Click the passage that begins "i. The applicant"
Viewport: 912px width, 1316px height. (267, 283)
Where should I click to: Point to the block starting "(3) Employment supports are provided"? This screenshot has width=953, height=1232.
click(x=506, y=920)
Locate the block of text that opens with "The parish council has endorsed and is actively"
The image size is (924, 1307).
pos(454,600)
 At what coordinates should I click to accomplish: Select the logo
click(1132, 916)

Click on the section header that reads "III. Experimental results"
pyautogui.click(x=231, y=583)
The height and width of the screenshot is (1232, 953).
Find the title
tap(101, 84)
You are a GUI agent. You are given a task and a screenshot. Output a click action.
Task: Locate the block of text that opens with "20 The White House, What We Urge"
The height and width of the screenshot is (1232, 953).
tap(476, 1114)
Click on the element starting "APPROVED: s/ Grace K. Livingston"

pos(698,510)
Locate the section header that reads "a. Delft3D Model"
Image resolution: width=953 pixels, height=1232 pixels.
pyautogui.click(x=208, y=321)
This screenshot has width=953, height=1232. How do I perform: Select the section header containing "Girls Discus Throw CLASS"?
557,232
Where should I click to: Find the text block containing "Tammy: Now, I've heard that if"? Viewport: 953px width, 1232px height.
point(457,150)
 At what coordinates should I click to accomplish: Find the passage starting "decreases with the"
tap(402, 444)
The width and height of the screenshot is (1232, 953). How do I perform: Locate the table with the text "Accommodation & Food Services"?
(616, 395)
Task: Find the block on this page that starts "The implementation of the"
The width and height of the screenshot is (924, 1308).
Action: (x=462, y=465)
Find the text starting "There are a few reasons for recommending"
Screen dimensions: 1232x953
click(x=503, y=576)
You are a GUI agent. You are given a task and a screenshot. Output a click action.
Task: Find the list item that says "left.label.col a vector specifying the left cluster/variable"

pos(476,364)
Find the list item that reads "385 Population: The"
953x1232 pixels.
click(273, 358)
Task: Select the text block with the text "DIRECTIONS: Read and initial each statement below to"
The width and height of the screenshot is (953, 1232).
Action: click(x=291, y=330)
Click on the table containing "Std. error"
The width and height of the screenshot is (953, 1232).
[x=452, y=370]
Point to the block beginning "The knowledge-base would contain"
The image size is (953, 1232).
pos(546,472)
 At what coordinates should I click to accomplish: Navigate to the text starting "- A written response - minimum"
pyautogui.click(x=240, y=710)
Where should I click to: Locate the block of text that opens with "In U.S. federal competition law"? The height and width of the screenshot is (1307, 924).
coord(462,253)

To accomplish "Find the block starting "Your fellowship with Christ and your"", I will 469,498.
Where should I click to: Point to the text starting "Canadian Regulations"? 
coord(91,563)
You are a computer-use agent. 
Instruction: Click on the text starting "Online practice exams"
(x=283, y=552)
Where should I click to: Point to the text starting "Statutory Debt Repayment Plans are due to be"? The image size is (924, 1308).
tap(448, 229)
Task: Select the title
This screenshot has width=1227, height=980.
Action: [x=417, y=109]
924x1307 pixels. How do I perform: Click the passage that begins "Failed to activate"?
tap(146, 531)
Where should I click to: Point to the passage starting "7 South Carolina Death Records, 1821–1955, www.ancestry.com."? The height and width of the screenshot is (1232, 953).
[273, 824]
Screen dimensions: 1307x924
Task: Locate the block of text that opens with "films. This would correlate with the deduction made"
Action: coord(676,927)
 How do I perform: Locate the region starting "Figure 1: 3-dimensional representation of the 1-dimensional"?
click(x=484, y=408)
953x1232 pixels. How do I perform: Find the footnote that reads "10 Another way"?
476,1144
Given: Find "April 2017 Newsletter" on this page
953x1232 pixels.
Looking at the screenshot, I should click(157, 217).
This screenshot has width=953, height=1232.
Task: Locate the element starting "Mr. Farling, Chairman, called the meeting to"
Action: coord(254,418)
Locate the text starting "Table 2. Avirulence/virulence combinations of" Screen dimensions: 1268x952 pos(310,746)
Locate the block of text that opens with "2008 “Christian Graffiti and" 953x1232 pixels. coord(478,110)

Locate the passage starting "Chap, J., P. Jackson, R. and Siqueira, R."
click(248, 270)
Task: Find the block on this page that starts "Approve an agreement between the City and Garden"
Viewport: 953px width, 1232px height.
******************************
▸ Goal of the exercise
Exact repetition of every entry in the data is required.

▸ Task response
Click the passage that begins "i. The applicant"
Viewport: 912px width, 1316px height. (267, 283)
Where should I click to: Point to the block starting "(3) Employment supports are provided"? This screenshot has width=953, height=1232.
click(x=506, y=920)
Locate the block of text that opens with "The parish council has endorsed and is actively"
The image size is (924, 1307).
pos(454,600)
 At what coordinates should I click to accomplish: Select the logo
click(1132, 916)

Click on the section header that reads "III. Experimental results"
pyautogui.click(x=231, y=583)
The height and width of the screenshot is (1232, 953).
Find the title
tap(101, 84)
You are a GUI agent. You are given a task and a screenshot. Output a click action.
Task: Locate the block of text that opens with "20 The White House, What We Urge"
The height and width of the screenshot is (1232, 953).
tap(476, 1114)
Click on the element starting "APPROVED: s/ Grace K. Livingston"

pos(698,510)
Locate the section header that reads "a. Delft3D Model"
Image resolution: width=953 pixels, height=1232 pixels.
pyautogui.click(x=208, y=321)
This screenshot has width=953, height=1232. How do I perform: Select the section header containing "Girls Discus Throw CLASS"?
557,232
Where should I click to: Find the text block containing "Tammy: Now, I've heard that if"? Viewport: 953px width, 1232px height.
point(457,150)
 At what coordinates should I click to accomplish: Find the passage starting "decreases with the"
tap(402, 444)
The width and height of the screenshot is (1232, 953). How do I perform: Locate the table with the text "Accommodation & Food Services"?
(616, 395)
Task: Find the block on this page that starts "The implementation of the"
The width and height of the screenshot is (924, 1308).
Action: (x=462, y=465)
Find the text starting "There are a few reasons for recommending"
Screen dimensions: 1232x953
click(x=503, y=576)
You are a GUI agent. You are given a task and a screenshot. Output a click action.
Task: Find the list item that says "left.label.col a vector specifying the left cluster/variable"

pos(476,364)
Find the list item that reads "385 Population: The"
953x1232 pixels.
click(273, 358)
Task: Select the text block with the text "DIRECTIONS: Read and initial each statement below to"
The width and height of the screenshot is (953, 1232).
Action: click(x=291, y=330)
Click on the table containing "Std. error"
The width and height of the screenshot is (953, 1232).
[x=452, y=370]
Point to the block beginning "The knowledge-base would contain"
The image size is (953, 1232).
pos(546,472)
 At what coordinates should I click to accomplish: Navigate to the text starting "- A written response - minimum"
pyautogui.click(x=240, y=710)
Where should I click to: Locate the block of text that opens with "In U.S. federal competition law"? The height and width of the screenshot is (1307, 924).
coord(462,253)

To accomplish "Find the block starting "Your fellowship with Christ and your"", I will 469,498.
Where should I click to: Point to the text starting "Canadian Regulations"? 
coord(91,563)
You are a computer-use agent. 
Instruction: Click on the text starting "Online practice exams"
(x=283, y=552)
Where should I click to: Point to the text starting "Statutory Debt Repayment Plans are due to be"? The image size is (924, 1308).
tap(448, 229)
Task: Select the title
This screenshot has width=1227, height=980.
Action: [x=417, y=109]
924x1307 pixels. How do I perform: Click the passage that begins "Failed to activate"?
tap(146, 531)
Where should I click to: Point to the passage starting "7 South Carolina Death Records, 1821–1955, www.ancestry.com."? The height and width of the screenshot is (1232, 953).
[273, 824]
Screen dimensions: 1307x924
Task: Locate the block of text that opens with "films. This would correlate with the deduction made"
Action: coord(676,927)
 How do I perform: Locate the region starting "Figure 1: 3-dimensional representation of the 1-dimensional"?
click(x=484, y=408)
953x1232 pixels. How do I perform: Find the footnote that reads "10 Another way"?
476,1144
Given: Find "April 2017 Newsletter" on this page
953x1232 pixels.
Looking at the screenshot, I should click(157, 217).
This screenshot has width=953, height=1232.
Task: Locate the element starting "Mr. Farling, Chairman, called the meeting to"
Action: coord(254,418)
Locate the text starting "Table 2. Avirulence/virulence combinations of" Screen dimensions: 1268x952 pos(310,746)
Locate the block of text that opens with "2008 “Christian Graffiti and" 953x1232 pixels. coord(478,110)

Locate the passage starting "Chap, J., P. Jackson, R. and Siqueira, R."
click(248, 270)
Task: Find the block on this page that starts "Approve an agreement between the City and Garden"
Viewport: 953px width, 1232px height.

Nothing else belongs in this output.